WATCH TIME: 3 minutes

"I think many of the gaps are still how to treat these children knowing that the reasons for their strokes are different than adults. Much of the talk was about the hyperacute treatment when we recognize a stroke, but even being able to ultimately take it a step further and how we can prevent a stroke from ever happening."

Although it is commonly thought of as a disease amongst the elderly, it is important to recognize the impacts of stroke in pediatric settings. Given the occurrence at a younger age, with potential long-term effects on disability, some argue stroke may be more detrimental in the pediatric population. In both populations, acute stroke management is time dependent, as earlier treatment raises the likelihood of preserving penumbra, restoring cerebral blood flow, and potentially reversing symptoms, thereby limiting disability.

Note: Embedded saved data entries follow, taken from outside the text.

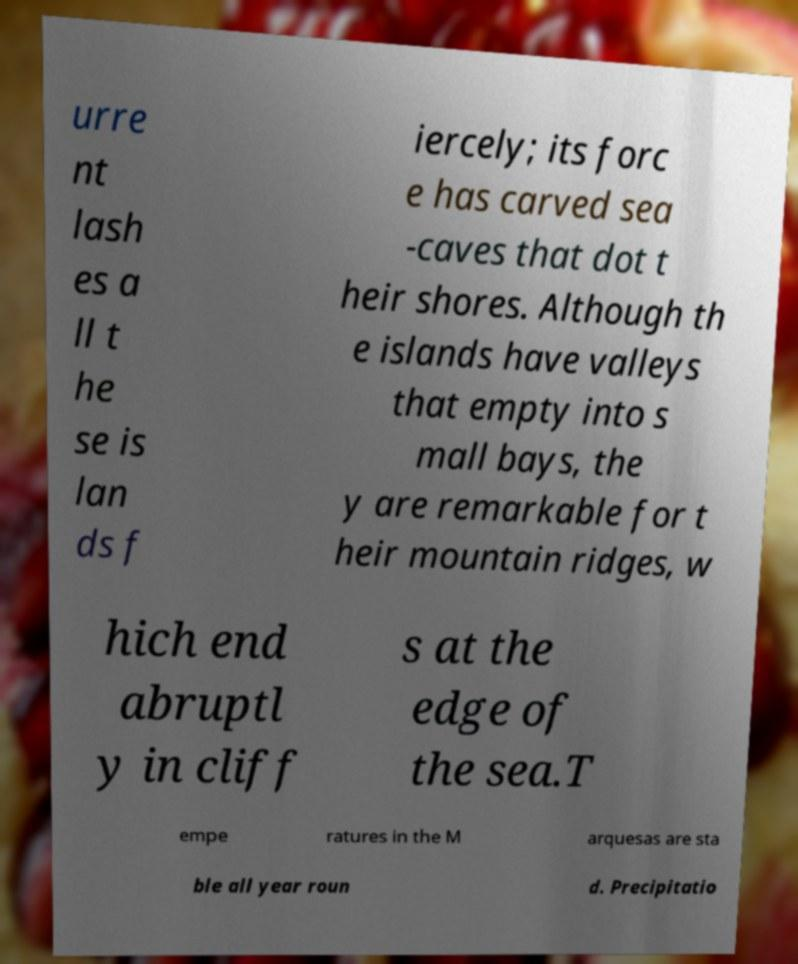What messages or text are displayed in this image? I need them in a readable, typed format. urre nt lash es a ll t he se is lan ds f iercely; its forc e has carved sea -caves that dot t heir shores. Although th e islands have valleys that empty into s mall bays, the y are remarkable for t heir mountain ridges, w hich end abruptl y in cliff s at the edge of the sea.T empe ratures in the M arquesas are sta ble all year roun d. Precipitatio 
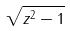Convert formula to latex. <formula><loc_0><loc_0><loc_500><loc_500>\sqrt { z ^ { 2 } - 1 }</formula> 
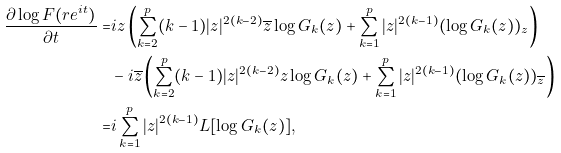Convert formula to latex. <formula><loc_0><loc_0><loc_500><loc_500>\frac { \partial \log F ( r e ^ { i t } ) } { \partial t } = & i z \left ( \sum _ { k = 2 } ^ { p } ( k - 1 ) | z | ^ { 2 ( k - 2 ) } \overline { z } \log G _ { k } ( z ) + \sum _ { k = 1 } ^ { p } | z | ^ { 2 ( k - 1 ) } ( \log G _ { k } ( z ) ) _ { z } \right ) \\ & - i \overline { z } \left ( \sum _ { k = 2 } ^ { p } ( k - 1 ) | z | ^ { 2 ( k - 2 ) } z \log G _ { k } ( z ) + \sum _ { k = 1 } ^ { p } | z | ^ { 2 ( k - 1 ) } ( \log G _ { k } ( z ) ) _ { \overline { z } } \right ) \\ = & i \sum _ { k = 1 } ^ { p } | z | ^ { 2 ( k - 1 ) } L [ \log G _ { k } ( z ) ] ,</formula> 
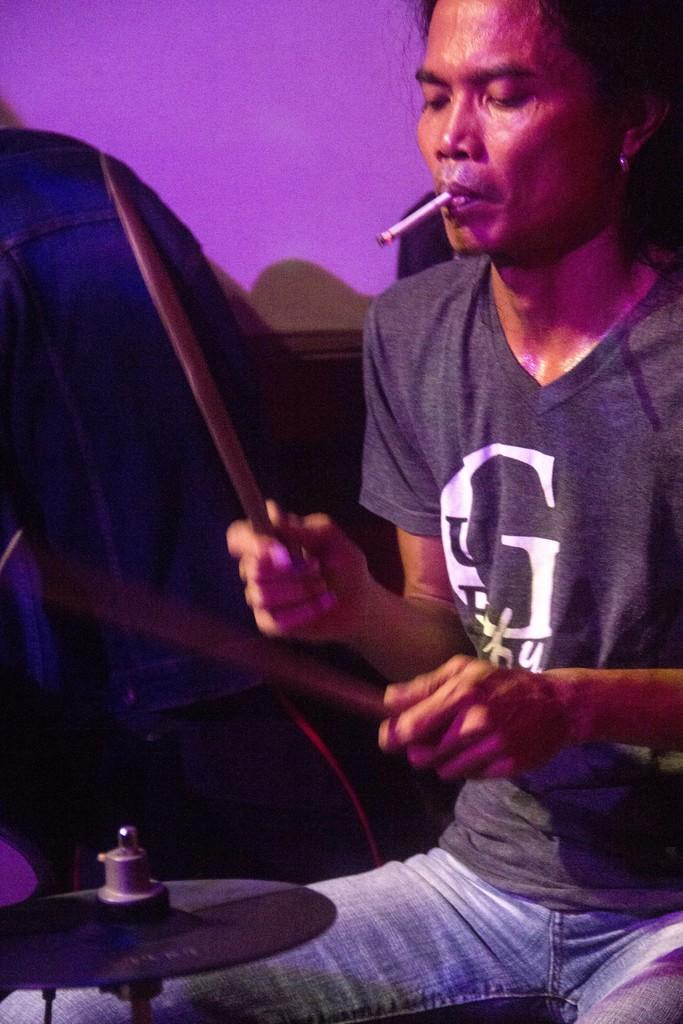<image>
Create a compact narrative representing the image presented. A man wearing a Guess shirt playing drums and smoking.

Tailoring hyperacute management strategies in young patients with stroke remains a topic of conversation for neurologists. At the 2023 American Neurological Association (ANA) Annual Meeting, held September 9-12, in Philadelphia, Pennsylvania, Kristin Guilliams, MD, MSCI, gave a presentation on this subject, highlighting the various ways pediatric patients are treated. In her presentation, she noted that different institutions have different benefit analyses for thrombolysis, as some will only give the therapy in patients with confirmed ischemic stroke on MRI while others will only require high suspicion of ischemic stroke and no known risk factors.

In her presentation, Guilliams noted reasons for the controversy of thrombolysis in pediatrics, including the fact that some stroke care safety and benefit relies on the practice of systems that provide treatment relatively frequently. Guilliams, an associate professor at Washington University School of Medicine, sat down with NeurologyLive® at the meeting to discuss the current state of care for pediatric stroke, and where improvements can be made. In addition, she gave her thoughts on the challenges with determining the most likely etiology for a patient, and how the stroke may have formed.